World War II saw active participation of the Garhwalis, the 1st and 4th Battalions in Burma, the 2nd and 5th Battalions seeing action in Malaya. The 2nd Battalion was the Garrison Battalion at Kuantan in the Malay Peninsula in 1940. The only infantry battalion in Kuantan, it was put to a myriad of tasks in a widely dispersed area. Just before the Japanese offensive, it had been milked twice to assist forming new battalions. When the Japanese struck, the battalion fought gallantly, inflicting heavy casualties. The battalion was awarded Battle Honour ‘Kuantan’ and Theatre Honour ‘Malaya 1941-42’. The 2nd Battalion ceased to exist after the Malayan Campaign due to heavy casualties – the remnants captured by the Japanese. The newly raised 5th Battalion was ordered overseas in Dec 1941 while still raw and under-equipped. It sailed for the Middle East, however the destination was changed after it embarked to Singapore. The battalion fought some notable actions at Muar, Johor and then the long, bitter rearguard action to Singapore. The 7th Battalion was raised essentially as a replacement for these two battalions (later converted to a training role). It was only after the War in 1946 that the 2nd Battalion was re-raised. The 5th had to wait until 1962 for its re-raising.

The 1st Battalion moved to Burma in 1941 and fought valiantly in the effort to stem the Japanese tide. It took part in the desperate fighting in the southern Shan states at Yenangyuang, which it was awarded as a Battle Honour. It also has the distinction of being the only awardee of Battle Honour "Monywa," the last major action in the Retreat from Burma. After a period of rest and regrouping followed by intensive jungle training, the battalion was back for the Reconquest of Burma. Its actions in Arakan, Ngyakydauk Pass, the landings at Ramree, and the final entry into Rangoon won it more Battle Honours: "North Arakan," "Ngakyduak Pass," "Ramree" and "Tuangup," and Theatre Honour "Burma 1942-45."

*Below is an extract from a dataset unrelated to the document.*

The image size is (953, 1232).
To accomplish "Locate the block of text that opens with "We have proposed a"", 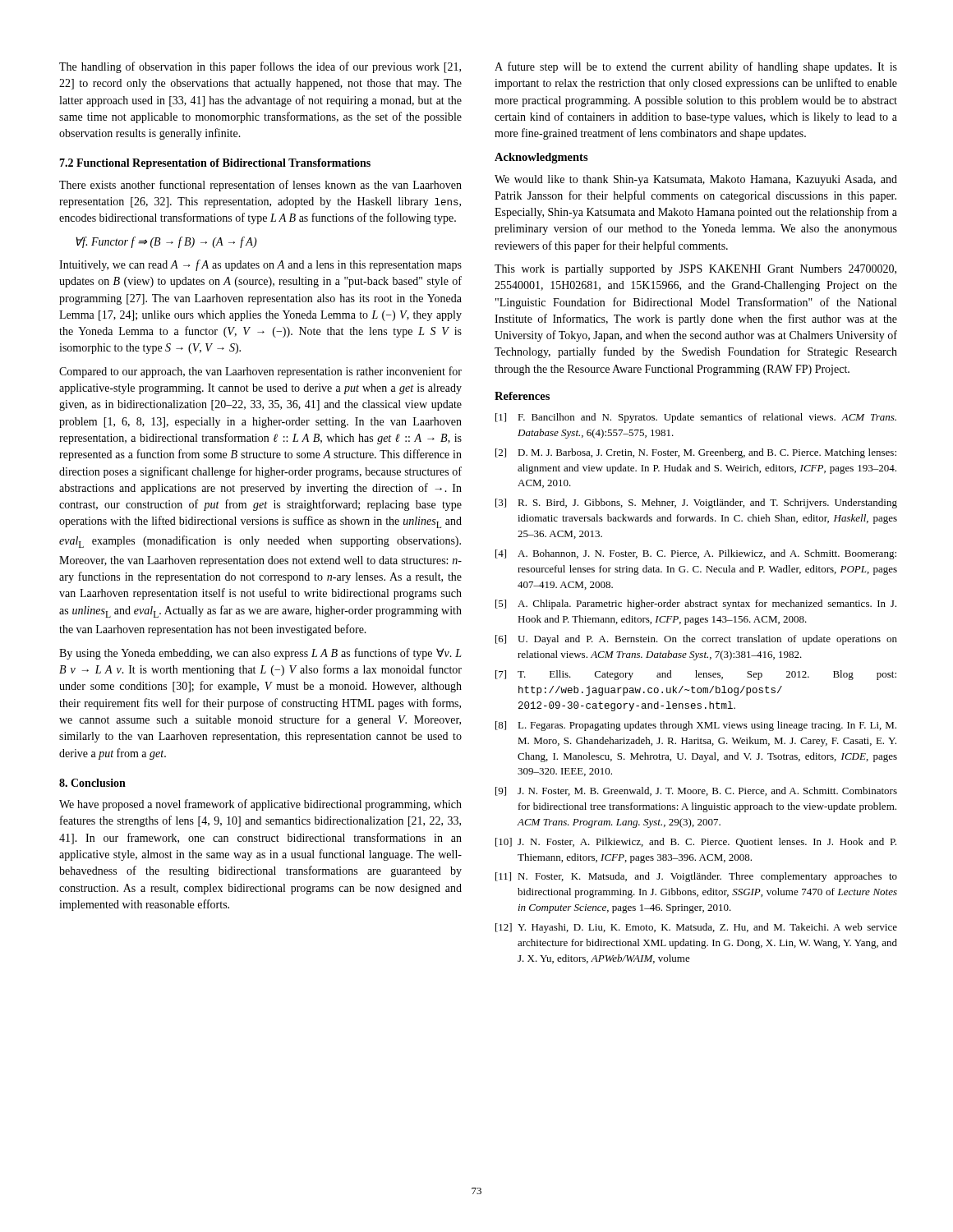I will (x=260, y=855).

The 4th Battalion, too, was ordered to Burma after nearly three years on the NW Frontier. After intensive jungle warfare training, it moved to Burma and fought a series of actions in the Tunnels Area, Akyab and subsequent operations at Ruywa before proceeding to Kuala Lumpur for disarming the Japanese who had capitulated.

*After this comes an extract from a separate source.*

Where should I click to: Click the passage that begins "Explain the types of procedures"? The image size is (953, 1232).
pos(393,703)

In North Africa and Italy, the 3rd Battalion served in Abyssinia, the Western Desert, Egypt, Cyprus, Iraq, Syria, Palestine and finally in the Campaign in Italy. In Abyssinia, in the opening stages of WWII, it blazed a trail against the Italians. Among its Battle Honours earned are three ‘Garhwali-only’ honours: "Gallabat," "Barentu" and "Massawa." More Battle Honours followed: "Keren," "Amba Alagi," "Citta di Castello" and Theatre Honours "North Africa 1940-43" and "Italy 1943-45," bearing testimony to Garhwali valour in diverse battlefields and theatres.

The end of the War and consequent demobilization left the regiment with three regular battalions, the 1st, 2nd and 3rd. Thus, at Independence, the Garhwal Rifles had only three active battalions.

==Post-Independence==
After the formation of India in 1947 and the subsequent merger of the various states in India at the time, the Garhwal Princely State was among the first to be merged into the Indian Union. Subsequently, the Regiment was transferred to the newly independent Indian Army. The 3rd Battalion participated with distinction in the J&K Operations, winning Battle Honour "Tithwal" and gaining the distinction of becoming one of the most decorated battalions of the Indian Army in any one operation after independence – it won one MVC, 18 VrCs, 01 SC (then referred to as the Ashoka Chakra Class III) and 19 Mentions-in-Despatches. The Commanding Officer Lt Col Kaman Singh was awarded a well deserved Maha Vir Chakra and his name lives on in the form of the ‘Kaman Setu’, the crossing point recently opened up between Azad Kashmir and J&K (now renamed the ‘Aman Kaman Setu’).

In 1950, the Royal title was dropped from the Regiment's name when India became a Republic. Other regimental symbols that were associated with the British were also discontinued, although the regimental lanyard continued to be worn on the right shoulder in traditional 'Royal' fashion. In 1953, the Regiment's 3rd Battalion contributed to the United Nations custodian force in Korea.

==Sino-Indian War of 1962==
The 1962 Sino-Indian Conflict saw the 4th Battalion (at that time the youngest battalion of the regiment) in the midst of heavy fighting in Tawang, Jang and Nuranang areas of NEFA, where it gave an excellent account of itself, suffering very heavy casualties. The battalion's stand at Nuranang has been singled out in most accounts of the war as a "fine example of infantry battle". For its brave stand against overwhelming odds, 4 GARH RIF was awarded the Battle Honour "Nuranang" – the only battalion to be awarded a battle honour in NEFA, a singular distinction in the context of that particular conflict. Nuranang has since been renamed Jaswantgarh, in honour of Rfn Jaswant Singh Rawat whose bravery at Nuranang merited a posthumous Maha Vir Chakra. The other Maha Vir Chakra won in this conflict was won by Lt Col (later Maj Gen) BM Bhattacharjea, the indefatigable Commanding Officer under whose leadership the 4th Battalion gave a bloody nose to the Chinese. In captivity, the survivors of the battalion were singled out for extra punishment in the Chinese PoW camp as retaliation for the heavy casualties the Chinese had suffered at the hands of the Garhwalis. The Battalion's legendary action at Nuranang has passed in folk lore. Gallantry Awards received by the battalion were two Mahavir Chakra, seven Vir Chakra, one Sena Medal and one Mention-in-Despatches.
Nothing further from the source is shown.